Широко известно, что окружающая среда оказывает существенное влияние на здоровье населения. Увеличение концентрации частиц в атмосферном воздухе повышает риск развития и смерти от инфекций нижних дыхательных путей, ХОБЛ, рака, сердечно-сосудистых и нейропсихиатрических заболеваний, сокращает продолжительность жизни [49, 50]. Высокие концентрации поллютантов наиболее характерны для населенных пунктов с сильно развитым промышленным производством и транспортом. При этом опубликованы данные, подтверждающие значительное снижение концентрации загрязнителей воздуха в результате популяционных мер профилактики распространения SARS-CoV2 во время пандемии COVID-19 [51]. Это могло снизить риск обострений ХОБЛ, БА и развития различных РИ. Ношение медицинских масок, ограничение передвижения также могло снижать поступление в дыхательные пути возбудителей РИ и пыльцы растений, других аэроаллергенов, поллютантов, что весьма актуально при БА и ХОБЛ, и способствовать уменьшению частоты обострений.

Курение — известный фактор риска ХОБЛ, БА, РИ, других заболеваний, обострений ХНИЗ и преждевременной смерти.

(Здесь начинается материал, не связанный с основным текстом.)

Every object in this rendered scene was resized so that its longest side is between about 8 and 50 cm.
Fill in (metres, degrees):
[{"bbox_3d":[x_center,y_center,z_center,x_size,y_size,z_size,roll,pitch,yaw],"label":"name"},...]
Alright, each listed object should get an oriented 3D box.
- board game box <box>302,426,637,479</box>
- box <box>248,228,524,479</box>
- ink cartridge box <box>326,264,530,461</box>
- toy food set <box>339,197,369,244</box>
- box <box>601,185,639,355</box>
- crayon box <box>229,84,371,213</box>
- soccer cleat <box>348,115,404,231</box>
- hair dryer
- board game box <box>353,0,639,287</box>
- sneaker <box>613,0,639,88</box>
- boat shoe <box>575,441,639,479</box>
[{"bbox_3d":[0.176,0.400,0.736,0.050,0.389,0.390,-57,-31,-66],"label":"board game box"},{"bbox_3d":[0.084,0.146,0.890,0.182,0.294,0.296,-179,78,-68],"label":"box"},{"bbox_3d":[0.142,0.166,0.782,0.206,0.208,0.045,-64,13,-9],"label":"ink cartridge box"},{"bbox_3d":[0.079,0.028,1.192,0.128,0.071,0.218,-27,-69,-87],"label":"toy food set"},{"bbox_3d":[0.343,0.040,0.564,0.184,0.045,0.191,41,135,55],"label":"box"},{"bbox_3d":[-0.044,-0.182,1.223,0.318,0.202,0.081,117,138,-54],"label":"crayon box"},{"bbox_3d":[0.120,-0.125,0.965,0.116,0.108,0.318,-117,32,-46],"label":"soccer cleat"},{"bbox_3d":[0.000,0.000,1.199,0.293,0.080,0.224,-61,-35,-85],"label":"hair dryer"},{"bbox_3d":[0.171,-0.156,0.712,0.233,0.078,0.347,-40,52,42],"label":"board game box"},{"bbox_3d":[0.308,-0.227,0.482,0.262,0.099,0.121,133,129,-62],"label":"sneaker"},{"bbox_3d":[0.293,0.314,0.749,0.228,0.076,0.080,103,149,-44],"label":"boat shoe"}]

Например, риск пневмококковой пневмонии повышен у курильщиков разных возрастных групп в несколько раз [52]. Исследования ярко демонстрируют, что прекращение курения снижает риск РИ, обострений ХОБЛ и БА [38, 52]. Это дополнительно подтверждает необходимость усиления мер по борьбе с курением на государственном уровне.

Психосоциальные факторы (тяжелые экономические проблемы, потеря работы, конфликты с коллегами, начальством или подопечными, отсутствие продвижения по службе, другие проблемы, связанные с работой, недостижение образовательных целей, длительная болезнь, рождение детей с серьезными заболеваниями, конфликты с взрослыми детьми, неблагополучие в браке, смерть или длительная болезнь близкого члена семьи) вносят отрицательный вклад в течение БОД, усугубляют тяжесть респираторных симптомов [53]. Сами по себе хронические БОД могут приводить к развитию психоэмоциональных и когнитивных нарушений (депрессии, тревоги, деменции, психотической симптоматики), выраженность которых нарастает по мере прогрессирования заболевания, повышает риск госпитализации, длительность стационарного лечения обострений, риск неспособности применять ингаляторы [2, 4].

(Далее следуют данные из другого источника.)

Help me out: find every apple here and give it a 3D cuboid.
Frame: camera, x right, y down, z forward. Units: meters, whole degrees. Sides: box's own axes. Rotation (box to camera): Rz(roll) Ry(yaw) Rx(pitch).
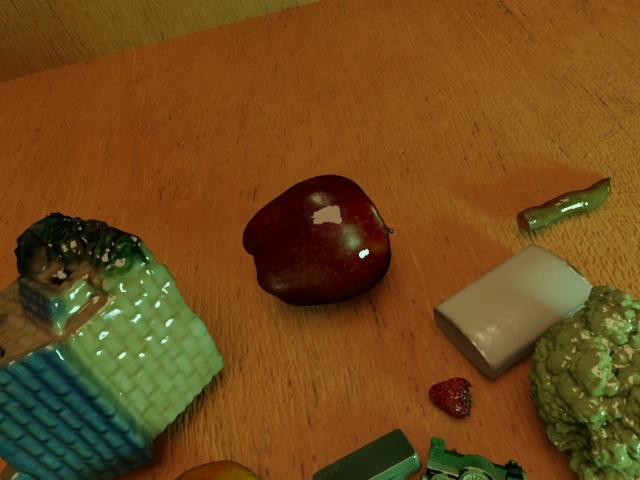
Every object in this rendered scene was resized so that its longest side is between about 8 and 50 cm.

Учет психосоциальных факторов важен как на индивидуальном, так и на популяционном уровнях. Это подтверждает и исследование, в котором показано, что фактором неблагоприятного исхода РИ, например COVID-19, у больных ХОБЛ может быть ограниченный доступ к медицинской помощи [43, 44], включая дистанционную коммуникацию. Причинами этого могут быть карантинные меры (включая проблемы с покиданием жилья, доступностью транспорта), перегрузка медицинских учреждений из-за резкого роста числа обращений и госпитализаций, заболевания РИ персонала медицинских организаций в период эпидемий, высокий расход лекарственных и других средств для оказания медицинской помощи. Отмеченное требует масштабных усилий со стороны различных государственных структур, межведомственных коммуникаций, а также взаимодействия врачей различных специальностей, включая организаторов здравоохранения, для совершенствования подходов к оказанию своевременной, комплексной и качественной медицинской помощи больным в период эпидемий инфекционных заболеваний.

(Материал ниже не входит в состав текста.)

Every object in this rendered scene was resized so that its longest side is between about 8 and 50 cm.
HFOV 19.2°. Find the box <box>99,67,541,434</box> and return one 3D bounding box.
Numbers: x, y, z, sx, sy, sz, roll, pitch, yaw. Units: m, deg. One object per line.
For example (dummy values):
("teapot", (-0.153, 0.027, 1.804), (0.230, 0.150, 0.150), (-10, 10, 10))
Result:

Сюда можно отнести и необходимость решения проблемы приверженности врачей к выполнению клинических рекомендаций по диагностике и лечению тех или иных болезней. Ряд исследований в этой области, оценивающих назначение той или иной терапии, мер немедикаментозной терапии и профилактики различных заболеваний свидетельствует, что существенная часть клиницистов по разным причинам не соблюдает предписания руководящих документов [54, 55]. Соответственно, пациенты не получают терапию и не используют немедикаментозные подходы с доказанной эффективностью в отношении прогноза болезни и жизни. Эти факты свидетельствуют о необходимости совершенствования программ обучения врачей [56], разработки специальных методов, направленных на применение клинических рекомендаций в рутинной практике.

Есть и другие причины [57], проработка которых необходима на популяционном и индивидуальном уровнях.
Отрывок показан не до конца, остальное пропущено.